Il coronavirus Sars-CoV-2 si è diffuso in Italia attraverso ben “13 diversi ceppi virali”. E dopo l’estate a favorire la ripresa della pandemia da Covid-19 sono stati i soggetti superdiffusori, insieme a “microfocolai locali di cui si è perso rapidamente il controllo”. Sono alcune delle conclusioni a cui è arrivato il team internazionale di 28 scienziati guidato da Massimo Ciccozzi, responsabile dell’Unità di Statistica medica ed Epidemiologia della Facoltà di Medicina e Chirurgia dell’Università Campus Bio-Medico di Roma, con Davide Zella dell’Istituto di Virologia umana del Maryland, Usa, e Marco Salemi dell’Università della Florida.
Lo studio, un contributo sul portale ‘MedRxiv’ aperto ai commenti della comunità scientifica, mostra come la pandemia italiana da Covid-19 sia caratterizzata da una diffusione a cluster in ambienti come quelli familiari, le comunità e nelle residenze sanitarie e certifica che l’aumento della mobilità durante l’estate scorsa ha permesso al virus di ‘liberarsi’ e uscire da quegli ambiti chiusi nei quali era rimasto contenuto fino alla fine della primavera, grazie alle restrizioni osservate nel lockdown. Un radicale cambiamento nei comportamenti generali che ha portato alla perdita del tracciamento dei contatti e alla nuova escalation di contagi e decessi degli ultimi mesi.
“I cluster – spiega Ciccozzi – agiscono come serbatoi nascosti della malattia.
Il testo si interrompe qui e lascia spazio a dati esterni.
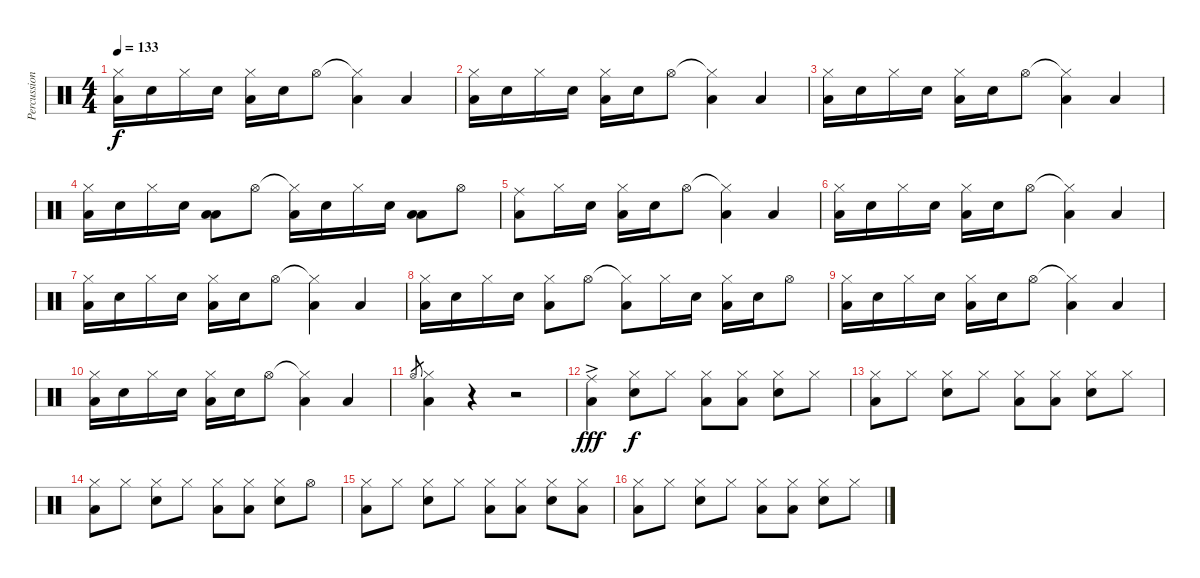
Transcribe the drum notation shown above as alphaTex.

\track ("Percussion" "Percussion") {instrument percussion}
\staff {score}
\articulation defaults
\ts (4 4)
\tempo 133
\clef neutral
\ks c
("Hi-Hat (closed)" "Low Floor Tom (hit)").16{dy f} "Snare (hit) 2".16 "Hi-Hat (closed)".16 "Snare (hit) 2".16 ("Hi-Hat (closed)" "Low Floor Tom (hit)").16 "Snare (hit) 2".16 "Hi-Hat (open)".8 ("Hi-Hat (closed)"{t} "Low Floor Tom (hit)").4 "Low Floor Tom (hit)".4 |
("Hi-Hat (closed)" "Low Floor Tom (hit)").16 "Snare (hit) 2".16 "Hi-Hat (closed)".16 "Snare (hit) 2".16 ("Hi-Hat (closed)" "Low Floor Tom (hit)").16 "Snare (hit) 2".16 "Hi-Hat (open)".8 ("Hi-Hat (closed)"{t} "Low Floor Tom (hit)").4 "Low Floor Tom (hit)".4 |
("Hi-Hat (closed)" "Low Floor Tom (hit)").16 "Snare (hit) 2".16 "Hi-Hat (closed)".16 "Snare (hit) 2".16 ("Hi-Hat (closed)" "Low Floor Tom (hit)").16 "Snare (hit) 2".16 "Hi-Hat (open)".8 ("Hi-Hat (closed)"{t} "Low Floor Tom (hit)").4 "Low Floor Tom (hit)".4 |
("Hi-Hat (closed)" "Low Floor Tom (hit)").16 "Snare (hit) 2".16 "Hi-Hat (closed)".16 "Snare (hit) 2".16 ("Low Tom (hit)" "Low Floor Tom (hit)").8 "Hi-Hat (open)".8 ("Hi-Hat (closed)"{t} "Low Floor Tom (hit)").16 "Snare (hit) 2".16 "Hi-Hat (closed)".16 "Snare (hit) 2".16 ("Low Tom (hit)" "Low Floor Tom (hit)").8 "Hi-Hat (open)".8 |
("Ride (middle)" "Low Floor Tom (hit)").8 "Hi-Hat (closed)".16 "Snare (hit) 2".16 ("Hi-Hat (closed)" "Low Floor Tom (hit)").16 "Snare (hit) 2".16 "Hi-Hat (open)".8 ("Hi-Hat (closed)"{t} "Low Floor Tom (hit)").4 "Low Floor Tom (hit)".4 |
("Hi-Hat (closed)" "Low Floor Tom (hit)").16 "Snare (hit) 2".16 "Hi-Hat (closed)".16 "Snare (hit) 2".16 ("Hi-Hat (closed)" "Low Floor Tom (hit)").16 "Snare (hit) 2".16 "Hi-Hat (open)".8 ("Hi-Hat (closed)"{t} "Low Floor Tom (hit)").4 "Low Floor Tom (hit)".4 |
("Hi-Hat (closed)" "Low Floor Tom (hit)").16 "Snare (hit) 2".16 "Hi-Hat (closed)".16 "Snare (hit) 2".16 ("Hi-Hat (closed)" "Low Floor Tom (hit)").16 "Snare (hit) 2".16 "Hi-Hat (open)".8 ("Hi-Hat (closed)"{t} "Low Floor Tom (hit)").4 "Low Floor Tom (hit)".4 |
("Hi-Hat (closed)" "Low Floor Tom (hit)").16 "Snare (hit) 2".16 "Hi-Hat (closed)".16 "Snare (hit) 2".16 ("Hi-Hat (closed)" "Low Floor Tom (hit)").8 "Hi-Hat (open)".8 ("Hi-Hat (closed)"{t} "Low Floor Tom (hit)").8 "Hi-Hat (closed)".16 "Snare (hit) 2".16 ("Hi-Hat (closed)" "Low Floor Tom (hit)").16 "Snare (hit) 2".16 "Hi-Hat (open)".8 |
("Hi-Hat (closed)" "Low Floor Tom (hit)").16 "Snare (hit) 2".16 "Hi-Hat (closed)".16 "Snare (hit) 2".16 ("Hi-Hat (closed)" "Low Floor Tom (hit)").16 "Snare (hit) 2".16 "Hi-Hat (open)".8 ("Hi-Hat (closed)"{t} "Low Floor Tom (hit)").4 "Low Floor Tom (hit)".4 |
("Hi-Hat (closed)" "Low Floor Tom (hit)").16 "Snare (hit) 2".16 "Hi-Hat (closed)".16 "Snare (hit) 2".16 ("Hi-Hat (closed)" "Low Floor Tom (hit)").16 "Snare (hit) 2".16 "Hi-Hat (open)".8 ("Hi-Hat (closed)"{t} "Low Floor Tom (hit)").4 "Low Floor Tom (hit)".4 |
"Hi-Hat (open)".8{gr} ("Hi-Hat (closed)" "Low Floor Tom (hit)").4 r.4 r.2 |
("Ride (middle)"{ac} "Low Floor Tom (hit)").4{dy fff} ("Hi-Hat (closed)" "Snare (hit) 2").8{dy f} "Hi-Hat (closed)".8 ("Hi-Hat (closed)" "Low Floor Tom (hit)").8 ("Hi-Hat (closed)" "Low Floor Tom (hit)").8 ("Hi-Hat (closed)" "Snare (hit) 2").8 "Hi-Hat (closed)".8 |
("Hi-Hat (closed)" "Low Floor Tom (hit)").8 "Hi-Hat (closed)".8 ("Hi-Hat (closed)" "Snare (hit) 2").8 "Hi-Hat (closed)".8 ("Hi-Hat (closed)" "Low Floor Tom (hit)").8 ("Hi-Hat (closed)" "Low Floor Tom (hit)").8 ("Hi-Hat (closed)" "Snare (hit) 2").8 "Hi-Hat (closed)".8 |
("Hi-Hat (closed)" "Low Floor Tom (hit)").8 "Hi-Hat (closed)".8 ("Hi-Hat (closed)" "Snare (hit) 2").8 "Hi-Hat (closed)".8 ("Hi-Hat (closed)" "Low Floor Tom (hit)").8 ("Hi-Hat (closed)" "Low Floor Tom (hit)").8 ("Hi-Hat (closed)" "Snare (hit) 2").8 "Hi-Hat (open)".8 |
("Hi-Hat (closed)" "Low Floor Tom (hit)").8 "Hi-Hat (closed)".8 ("Hi-Hat (closed)" "Snare (hit) 2").8 "Hi-Hat (closed)".8 ("Hi-Hat (closed)" "Low Floor Tom (hit)").8 ("Hi-Hat (closed)" "Low Floor Tom (hit)").8 ("Hi-Hat (closed)" "Snare (hit) 2").8 ("Hi-Hat (closed)" "Low Floor Tom (hit)").8 |
("Hi-Hat (closed)" "Low Floor Tom (hit)").8 "Hi-Hat (closed)".8 ("Hi-Hat (closed)" "Snare (hit) 2").8 "Hi-Hat (closed)".8 ("Hi-Hat (closed)" "Low Floor Tom (hit)").8 ("Hi-Hat (closed)" "Low Floor Tom (hit)").8 ("Hi-Hat (closed)" "Snare (hit) 2").8 "Hi-Hat (closed)".8

Piccoli gruppi di individui inizialmente contagiati da un soggetto cosiddetto superdiffusore e poi in grado di contagiare a loro volta a causa della riduzione dei limiti e delle restrizioni al movimento delle persone”. Inoltre, secondo lo stesso studio, le mutazioni in questo virus che differenziano i 13 ceppi in circolazione in Italia, pur avendo inciso sul livello di contagiosità, non modificano la patogenicità del virus né quindi la sua capacità di farci ammalare e di uccidere.
“In effetti – osserva Ciccozzi – la mutazione DG614 che abbiamo individuato lo scorso marzo e che ha reso il virus più contagioso è stata trovata nel 98% delle sequenze genomiche italiane depositate in banca dati”. “In altre parole, se la capacità dei diversi ceppi di trasmettere la malattia varia, non sono cambiati fino ad ora, in base al ceppo, i meccanismi attraverso i quali il virus riesce a entrare nell’organismo umano e a farci ammalare. Dal punto di vista evolutivo – conclude l’esperto – questo significa che la proteina Spike su cui i vaccini a mRna si basano non sembra ad ora coinvolta in queste mutazioni. Quindi l’efficacia vaccinale dichiarata resta invariata”. Un elemento risulta particolarmente importante in vista dell’avvio della campagna vaccinale nazionale.